Diese Entscheidungen, die sich mit der politischen Vereinbarung zwischen den USA und Bukele überschnitten, werden von Experten als politisch motiviert gewertet und stehen im Widerspruch zu den ursprünglichen Zielen der Task Force. Die Rolle von Verzögerungen, Behinderung und Unterwanderung als Instrumente der Einflussnahme und Machterhalt lässt sich anhand des Falles El Salvador eindrücklich nachvollziehen.
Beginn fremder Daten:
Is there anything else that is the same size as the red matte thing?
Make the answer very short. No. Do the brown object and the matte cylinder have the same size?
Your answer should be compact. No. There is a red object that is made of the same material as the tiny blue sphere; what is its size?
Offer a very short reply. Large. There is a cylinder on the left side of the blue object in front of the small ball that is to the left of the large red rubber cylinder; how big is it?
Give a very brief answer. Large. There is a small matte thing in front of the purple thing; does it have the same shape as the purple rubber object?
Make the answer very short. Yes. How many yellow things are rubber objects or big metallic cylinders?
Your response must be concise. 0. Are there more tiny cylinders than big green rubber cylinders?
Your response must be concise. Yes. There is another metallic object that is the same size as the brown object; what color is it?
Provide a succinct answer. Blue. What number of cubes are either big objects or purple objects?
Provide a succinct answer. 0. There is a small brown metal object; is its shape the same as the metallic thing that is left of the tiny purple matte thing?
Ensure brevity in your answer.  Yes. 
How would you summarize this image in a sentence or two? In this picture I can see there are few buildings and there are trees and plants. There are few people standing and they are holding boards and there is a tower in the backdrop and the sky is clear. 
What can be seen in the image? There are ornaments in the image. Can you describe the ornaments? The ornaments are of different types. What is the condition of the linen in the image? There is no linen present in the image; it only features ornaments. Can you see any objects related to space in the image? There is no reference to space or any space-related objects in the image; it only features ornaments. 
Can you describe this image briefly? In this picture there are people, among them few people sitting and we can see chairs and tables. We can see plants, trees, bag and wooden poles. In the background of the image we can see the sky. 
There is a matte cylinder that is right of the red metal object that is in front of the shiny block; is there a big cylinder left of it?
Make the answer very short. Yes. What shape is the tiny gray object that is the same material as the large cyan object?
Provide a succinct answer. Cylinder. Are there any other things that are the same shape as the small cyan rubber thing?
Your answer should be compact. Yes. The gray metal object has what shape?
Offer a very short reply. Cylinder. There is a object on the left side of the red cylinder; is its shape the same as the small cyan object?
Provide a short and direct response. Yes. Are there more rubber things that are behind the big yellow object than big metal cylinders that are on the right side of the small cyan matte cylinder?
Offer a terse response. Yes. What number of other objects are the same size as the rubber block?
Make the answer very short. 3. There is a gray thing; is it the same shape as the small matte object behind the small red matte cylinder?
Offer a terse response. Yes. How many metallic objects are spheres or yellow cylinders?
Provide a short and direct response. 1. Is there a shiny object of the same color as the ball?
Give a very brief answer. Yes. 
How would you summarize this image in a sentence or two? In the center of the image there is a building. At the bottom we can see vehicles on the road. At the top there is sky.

Die Verschiebung von Justizallianzen, die Manipulation von Gerichtsentscheidungen zugunsten krimineller Akteure sowie systematische Einschüchterung von Ermittlern stellen schwerwiegende Hindernisse erfolgreicher Strafverfolgung dar. Diese Dynamiken zeigen exemplarisch, wie fragile die internationale Zusammenarbeit im Kampf gegen transnationale organisierte Kriminalität ist, wenn politische Interessen und Korruption die Rechtsstaatlichkeit untergraben. Gleichzeitig illustriert der Fall die Grenzen der Einflussmöglichkeiten externer Ermittlungen, wenn nationale Regierungen eigene Geheimpakte mit kriminellen Gruppen eingehen.
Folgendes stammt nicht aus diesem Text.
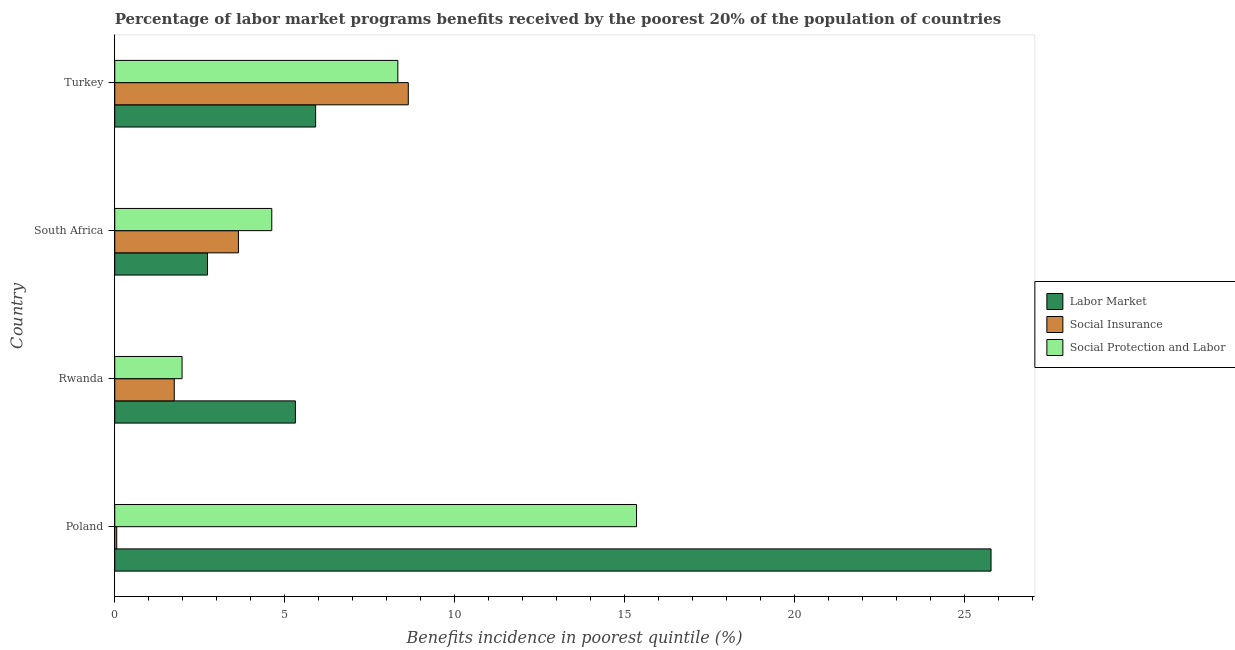Are the number of bars per tick equal to the number of legend labels?
Your answer should be very brief. Yes. Are the number of bars on each tick of the Y-axis equal?
Your answer should be compact. Yes. How many bars are there on the 3rd tick from the top?
Your answer should be compact. 3. How many bars are there on the 2nd tick from the bottom?
Ensure brevity in your answer.  3. What is the label of the 2nd group of bars from the top?
Keep it short and to the point. South Africa. What is the percentage of benefits received due to social insurance programs in South Africa?
Provide a short and direct response. 3.64. Across all countries, what is the maximum percentage of benefits received due to social insurance programs?
Your answer should be very brief. 8.64. Across all countries, what is the minimum percentage of benefits received due to social insurance programs?
Your response must be concise. 0.06. In which country was the percentage of benefits received due to labor market programs minimum?
Keep it short and to the point. South Africa. What is the total percentage of benefits received due to social insurance programs in the graph?
Your response must be concise. 14.09. What is the difference between the percentage of benefits received due to social protection programs in South Africa and that in Turkey?
Keep it short and to the point. -3.71. What is the difference between the percentage of benefits received due to social insurance programs in Turkey and the percentage of benefits received due to social protection programs in Rwanda?
Ensure brevity in your answer.  6.66. What is the average percentage of benefits received due to labor market programs per country?
Keep it short and to the point. 9.94. What is the difference between the percentage of benefits received due to labor market programs and percentage of benefits received due to social insurance programs in Rwanda?
Ensure brevity in your answer.  3.56. In how many countries, is the percentage of benefits received due to social protection programs greater than 17 %?
Your answer should be very brief. 0. What is the ratio of the percentage of benefits received due to labor market programs in Poland to that in Turkey?
Ensure brevity in your answer.  4.36. Is the difference between the percentage of benefits received due to social protection programs in Poland and Rwanda greater than the difference between the percentage of benefits received due to social insurance programs in Poland and Rwanda?
Offer a very short reply. Yes. What is the difference between the highest and the second highest percentage of benefits received due to labor market programs?
Ensure brevity in your answer.  19.88. What is the difference between the highest and the lowest percentage of benefits received due to social insurance programs?
Your answer should be very brief. 8.58. In how many countries, is the percentage of benefits received due to social insurance programs greater than the average percentage of benefits received due to social insurance programs taken over all countries?
Your response must be concise. 2. Is the sum of the percentage of benefits received due to social protection programs in Rwanda and South Africa greater than the maximum percentage of benefits received due to labor market programs across all countries?
Offer a very short reply. No. What does the 1st bar from the top in Poland represents?
Keep it short and to the point. Social Protection and Labor. What does the 2nd bar from the bottom in South Africa represents?
Offer a very short reply. Social Insurance. Is it the case that in every country, the sum of the percentage of benefits received due to labor market programs and percentage of benefits received due to social insurance programs is greater than the percentage of benefits received due to social protection programs?
Your answer should be very brief. Yes. How many bars are there?
Keep it short and to the point. 12. Are all the bars in the graph horizontal?
Your answer should be compact. Yes. How many countries are there in the graph?
Offer a terse response. 4. What is the difference between two consecutive major ticks on the X-axis?
Offer a very short reply. 5. Where does the legend appear in the graph?
Offer a very short reply. Center right. What is the title of the graph?
Offer a terse response. Percentage of labor market programs benefits received by the poorest 20% of the population of countries. Does "Food" appear as one of the legend labels in the graph?
Give a very brief answer. No. What is the label or title of the X-axis?
Offer a terse response. Benefits incidence in poorest quintile (%). What is the Benefits incidence in poorest quintile (%) in Labor Market in Poland?
Your response must be concise. 25.79. What is the Benefits incidence in poorest quintile (%) in Social Insurance in Poland?
Keep it short and to the point. 0.06. What is the Benefits incidence in poorest quintile (%) of Social Protection and Labor in Poland?
Keep it short and to the point. 15.36. What is the Benefits incidence in poorest quintile (%) of Labor Market in Rwanda?
Keep it short and to the point. 5.32. What is the Benefits incidence in poorest quintile (%) of Social Insurance in Rwanda?
Make the answer very short. 1.75. What is the Benefits incidence in poorest quintile (%) of Social Protection and Labor in Rwanda?
Your answer should be very brief. 1.98. What is the Benefits incidence in poorest quintile (%) of Labor Market in South Africa?
Offer a terse response. 2.73. What is the Benefits incidence in poorest quintile (%) of Social Insurance in South Africa?
Ensure brevity in your answer.  3.64. What is the Benefits incidence in poorest quintile (%) of Social Protection and Labor in South Africa?
Your answer should be very brief. 4.62. What is the Benefits incidence in poorest quintile (%) of Labor Market in Turkey?
Give a very brief answer. 5.91. What is the Benefits incidence in poorest quintile (%) of Social Insurance in Turkey?
Offer a very short reply. 8.64. What is the Benefits incidence in poorest quintile (%) of Social Protection and Labor in Turkey?
Keep it short and to the point. 8.33. Across all countries, what is the maximum Benefits incidence in poorest quintile (%) of Labor Market?
Keep it short and to the point. 25.79. Across all countries, what is the maximum Benefits incidence in poorest quintile (%) of Social Insurance?
Your answer should be compact. 8.64. Across all countries, what is the maximum Benefits incidence in poorest quintile (%) in Social Protection and Labor?
Your answer should be very brief. 15.36. Across all countries, what is the minimum Benefits incidence in poorest quintile (%) in Labor Market?
Keep it short and to the point. 2.73. Across all countries, what is the minimum Benefits incidence in poorest quintile (%) of Social Insurance?
Make the answer very short. 0.06. Across all countries, what is the minimum Benefits incidence in poorest quintile (%) in Social Protection and Labor?
Provide a short and direct response. 1.98. What is the total Benefits incidence in poorest quintile (%) of Labor Market in the graph?
Give a very brief answer. 39.75. What is the total Benefits incidence in poorest quintile (%) in Social Insurance in the graph?
Offer a terse response. 14.09. What is the total Benefits incidence in poorest quintile (%) in Social Protection and Labor in the graph?
Offer a terse response. 30.29. What is the difference between the Benefits incidence in poorest quintile (%) of Labor Market in Poland and that in Rwanda?
Make the answer very short. 20.47. What is the difference between the Benefits incidence in poorest quintile (%) of Social Insurance in Poland and that in Rwanda?
Give a very brief answer. -1.69. What is the difference between the Benefits incidence in poorest quintile (%) in Social Protection and Labor in Poland and that in Rwanda?
Ensure brevity in your answer.  13.38. What is the difference between the Benefits incidence in poorest quintile (%) in Labor Market in Poland and that in South Africa?
Your response must be concise. 23.06. What is the difference between the Benefits incidence in poorest quintile (%) in Social Insurance in Poland and that in South Africa?
Ensure brevity in your answer.  -3.58. What is the difference between the Benefits incidence in poorest quintile (%) of Social Protection and Labor in Poland and that in South Africa?
Offer a very short reply. 10.73. What is the difference between the Benefits incidence in poorest quintile (%) in Labor Market in Poland and that in Turkey?
Your answer should be very brief. 19.88. What is the difference between the Benefits incidence in poorest quintile (%) in Social Insurance in Poland and that in Turkey?
Your answer should be compact. -8.58. What is the difference between the Benefits incidence in poorest quintile (%) of Social Protection and Labor in Poland and that in Turkey?
Your response must be concise. 7.02. What is the difference between the Benefits incidence in poorest quintile (%) of Labor Market in Rwanda and that in South Africa?
Provide a succinct answer. 2.59. What is the difference between the Benefits incidence in poorest quintile (%) in Social Insurance in Rwanda and that in South Africa?
Provide a succinct answer. -1.89. What is the difference between the Benefits incidence in poorest quintile (%) of Social Protection and Labor in Rwanda and that in South Africa?
Offer a very short reply. -2.64. What is the difference between the Benefits incidence in poorest quintile (%) in Labor Market in Rwanda and that in Turkey?
Keep it short and to the point. -0.6. What is the difference between the Benefits incidence in poorest quintile (%) in Social Insurance in Rwanda and that in Turkey?
Your response must be concise. -6.89. What is the difference between the Benefits incidence in poorest quintile (%) in Social Protection and Labor in Rwanda and that in Turkey?
Make the answer very short. -6.35. What is the difference between the Benefits incidence in poorest quintile (%) of Labor Market in South Africa and that in Turkey?
Provide a short and direct response. -3.18. What is the difference between the Benefits incidence in poorest quintile (%) in Social Insurance in South Africa and that in Turkey?
Keep it short and to the point. -5. What is the difference between the Benefits incidence in poorest quintile (%) of Social Protection and Labor in South Africa and that in Turkey?
Ensure brevity in your answer.  -3.71. What is the difference between the Benefits incidence in poorest quintile (%) of Labor Market in Poland and the Benefits incidence in poorest quintile (%) of Social Insurance in Rwanda?
Offer a very short reply. 24.04. What is the difference between the Benefits incidence in poorest quintile (%) of Labor Market in Poland and the Benefits incidence in poorest quintile (%) of Social Protection and Labor in Rwanda?
Give a very brief answer. 23.81. What is the difference between the Benefits incidence in poorest quintile (%) in Social Insurance in Poland and the Benefits incidence in poorest quintile (%) in Social Protection and Labor in Rwanda?
Your answer should be very brief. -1.92. What is the difference between the Benefits incidence in poorest quintile (%) in Labor Market in Poland and the Benefits incidence in poorest quintile (%) in Social Insurance in South Africa?
Provide a short and direct response. 22.15. What is the difference between the Benefits incidence in poorest quintile (%) of Labor Market in Poland and the Benefits incidence in poorest quintile (%) of Social Protection and Labor in South Africa?
Give a very brief answer. 21.17. What is the difference between the Benefits incidence in poorest quintile (%) of Social Insurance in Poland and the Benefits incidence in poorest quintile (%) of Social Protection and Labor in South Africa?
Provide a short and direct response. -4.56. What is the difference between the Benefits incidence in poorest quintile (%) of Labor Market in Poland and the Benefits incidence in poorest quintile (%) of Social Insurance in Turkey?
Provide a succinct answer. 17.15. What is the difference between the Benefits incidence in poorest quintile (%) in Labor Market in Poland and the Benefits incidence in poorest quintile (%) in Social Protection and Labor in Turkey?
Your answer should be compact. 17.46. What is the difference between the Benefits incidence in poorest quintile (%) in Social Insurance in Poland and the Benefits incidence in poorest quintile (%) in Social Protection and Labor in Turkey?
Your answer should be compact. -8.27. What is the difference between the Benefits incidence in poorest quintile (%) in Labor Market in Rwanda and the Benefits incidence in poorest quintile (%) in Social Insurance in South Africa?
Your answer should be very brief. 1.68. What is the difference between the Benefits incidence in poorest quintile (%) in Labor Market in Rwanda and the Benefits incidence in poorest quintile (%) in Social Protection and Labor in South Africa?
Your response must be concise. 0.69. What is the difference between the Benefits incidence in poorest quintile (%) in Social Insurance in Rwanda and the Benefits incidence in poorest quintile (%) in Social Protection and Labor in South Africa?
Your answer should be very brief. -2.87. What is the difference between the Benefits incidence in poorest quintile (%) in Labor Market in Rwanda and the Benefits incidence in poorest quintile (%) in Social Insurance in Turkey?
Your answer should be compact. -3.32. What is the difference between the Benefits incidence in poorest quintile (%) in Labor Market in Rwanda and the Benefits incidence in poorest quintile (%) in Social Protection and Labor in Turkey?
Provide a short and direct response. -3.02. What is the difference between the Benefits incidence in poorest quintile (%) of Social Insurance in Rwanda and the Benefits incidence in poorest quintile (%) of Social Protection and Labor in Turkey?
Make the answer very short. -6.58. What is the difference between the Benefits incidence in poorest quintile (%) of Labor Market in South Africa and the Benefits incidence in poorest quintile (%) of Social Insurance in Turkey?
Your answer should be compact. -5.91. What is the difference between the Benefits incidence in poorest quintile (%) in Labor Market in South Africa and the Benefits incidence in poorest quintile (%) in Social Protection and Labor in Turkey?
Keep it short and to the point. -5.6. What is the difference between the Benefits incidence in poorest quintile (%) of Social Insurance in South Africa and the Benefits incidence in poorest quintile (%) of Social Protection and Labor in Turkey?
Offer a very short reply. -4.69. What is the average Benefits incidence in poorest quintile (%) of Labor Market per country?
Make the answer very short. 9.94. What is the average Benefits incidence in poorest quintile (%) of Social Insurance per country?
Provide a succinct answer. 3.52. What is the average Benefits incidence in poorest quintile (%) in Social Protection and Labor per country?
Your response must be concise. 7.57. What is the difference between the Benefits incidence in poorest quintile (%) in Labor Market and Benefits incidence in poorest quintile (%) in Social Insurance in Poland?
Provide a succinct answer. 25.73. What is the difference between the Benefits incidence in poorest quintile (%) of Labor Market and Benefits incidence in poorest quintile (%) of Social Protection and Labor in Poland?
Provide a short and direct response. 10.43. What is the difference between the Benefits incidence in poorest quintile (%) of Social Insurance and Benefits incidence in poorest quintile (%) of Social Protection and Labor in Poland?
Ensure brevity in your answer.  -15.3. What is the difference between the Benefits incidence in poorest quintile (%) of Labor Market and Benefits incidence in poorest quintile (%) of Social Insurance in Rwanda?
Your answer should be compact. 3.56. What is the difference between the Benefits incidence in poorest quintile (%) in Labor Market and Benefits incidence in poorest quintile (%) in Social Protection and Labor in Rwanda?
Offer a terse response. 3.34. What is the difference between the Benefits incidence in poorest quintile (%) of Social Insurance and Benefits incidence in poorest quintile (%) of Social Protection and Labor in Rwanda?
Ensure brevity in your answer.  -0.23. What is the difference between the Benefits incidence in poorest quintile (%) of Labor Market and Benefits incidence in poorest quintile (%) of Social Insurance in South Africa?
Your answer should be very brief. -0.91. What is the difference between the Benefits incidence in poorest quintile (%) in Labor Market and Benefits incidence in poorest quintile (%) in Social Protection and Labor in South Africa?
Your answer should be very brief. -1.89. What is the difference between the Benefits incidence in poorest quintile (%) in Social Insurance and Benefits incidence in poorest quintile (%) in Social Protection and Labor in South Africa?
Ensure brevity in your answer.  -0.98. What is the difference between the Benefits incidence in poorest quintile (%) of Labor Market and Benefits incidence in poorest quintile (%) of Social Insurance in Turkey?
Keep it short and to the point. -2.73. What is the difference between the Benefits incidence in poorest quintile (%) in Labor Market and Benefits incidence in poorest quintile (%) in Social Protection and Labor in Turkey?
Ensure brevity in your answer.  -2.42. What is the difference between the Benefits incidence in poorest quintile (%) of Social Insurance and Benefits incidence in poorest quintile (%) of Social Protection and Labor in Turkey?
Offer a terse response. 0.31. What is the ratio of the Benefits incidence in poorest quintile (%) in Labor Market in Poland to that in Rwanda?
Your answer should be very brief. 4.85. What is the ratio of the Benefits incidence in poorest quintile (%) of Social Insurance in Poland to that in Rwanda?
Offer a terse response. 0.03. What is the ratio of the Benefits incidence in poorest quintile (%) of Social Protection and Labor in Poland to that in Rwanda?
Provide a short and direct response. 7.75. What is the ratio of the Benefits incidence in poorest quintile (%) of Labor Market in Poland to that in South Africa?
Offer a terse response. 9.45. What is the ratio of the Benefits incidence in poorest quintile (%) of Social Insurance in Poland to that in South Africa?
Keep it short and to the point. 0.02. What is the ratio of the Benefits incidence in poorest quintile (%) in Social Protection and Labor in Poland to that in South Africa?
Your answer should be compact. 3.32. What is the ratio of the Benefits incidence in poorest quintile (%) in Labor Market in Poland to that in Turkey?
Your response must be concise. 4.36. What is the ratio of the Benefits incidence in poorest quintile (%) of Social Insurance in Poland to that in Turkey?
Your answer should be compact. 0.01. What is the ratio of the Benefits incidence in poorest quintile (%) in Social Protection and Labor in Poland to that in Turkey?
Keep it short and to the point. 1.84. What is the ratio of the Benefits incidence in poorest quintile (%) of Labor Market in Rwanda to that in South Africa?
Your answer should be compact. 1.95. What is the ratio of the Benefits incidence in poorest quintile (%) in Social Insurance in Rwanda to that in South Africa?
Provide a succinct answer. 0.48. What is the ratio of the Benefits incidence in poorest quintile (%) of Social Protection and Labor in Rwanda to that in South Africa?
Give a very brief answer. 0.43. What is the ratio of the Benefits incidence in poorest quintile (%) in Labor Market in Rwanda to that in Turkey?
Give a very brief answer. 0.9. What is the ratio of the Benefits incidence in poorest quintile (%) of Social Insurance in Rwanda to that in Turkey?
Provide a short and direct response. 0.2. What is the ratio of the Benefits incidence in poorest quintile (%) in Social Protection and Labor in Rwanda to that in Turkey?
Provide a succinct answer. 0.24. What is the ratio of the Benefits incidence in poorest quintile (%) in Labor Market in South Africa to that in Turkey?
Provide a short and direct response. 0.46. What is the ratio of the Benefits incidence in poorest quintile (%) in Social Insurance in South Africa to that in Turkey?
Offer a terse response. 0.42. What is the ratio of the Benefits incidence in poorest quintile (%) of Social Protection and Labor in South Africa to that in Turkey?
Offer a terse response. 0.55. What is the difference between the highest and the second highest Benefits incidence in poorest quintile (%) in Labor Market?
Your answer should be very brief. 19.88. What is the difference between the highest and the second highest Benefits incidence in poorest quintile (%) of Social Insurance?
Your response must be concise. 5. What is the difference between the highest and the second highest Benefits incidence in poorest quintile (%) in Social Protection and Labor?
Offer a very short reply. 7.02. What is the difference between the highest and the lowest Benefits incidence in poorest quintile (%) of Labor Market?
Your answer should be compact. 23.06. What is the difference between the highest and the lowest Benefits incidence in poorest quintile (%) of Social Insurance?
Offer a terse response. 8.58. What is the difference between the highest and the lowest Benefits incidence in poorest quintile (%) of Social Protection and Labor?
Give a very brief answer. 13.38.

Für die Zukunft bedeutet dies, dass sowohl internationale Organisationen als auch Strafverfolgungsbehörden verstärkt auf transparente Strukturen, Schutz für Whistleblower und nachhaltige Zusammenarbeit angewiesen sind, um solchen Behinderungen zu begegnen. Nur durch eine Kombination aus politischem Willen, Rechtsstaatlichkeit und grenzüberschreitender Koordination kann die Bedrohung durch Gangkriminalität wirksam eingedämmt werden. Der Fall Schärft zudem das Bewusstsein, dass Staaten, die offiziell als Partner im Kampf gegen das Verbrechen gelten, gleichzeitig ihre eigenen Interessen verfolgen und im Extremfall sogar illegale Allianzen mit kriminellen Organisationen eingehen können. Dieses Spannungsfeld stellt eine dauerhafte Herausforderung für die internationale Strafverfolgung dar und bedarf ständiger kritischer Beobachtung, umfangreicher Informationsarbeit und politischer Sensibilität. Letztlich zeigt sich, dass Verzögerung, Behinderung und Unterwanderung nicht nur taktische Mittel in juristischen Prozessen sind, sondern auch Zeichen tieferer struktureller Probleme in Politik und Rechtsstaatlichkeit.
Der Fall El Salvador und MS-13 ist ein Mahnmal dafür, wie dünn die Linie zwischen staatlicher Ordnung und krimineller Kooptation sein kann – und wie wichtig die Wachsamkeit von Ermittlern, Medien und der internationalen Gemeinschaft bleibt.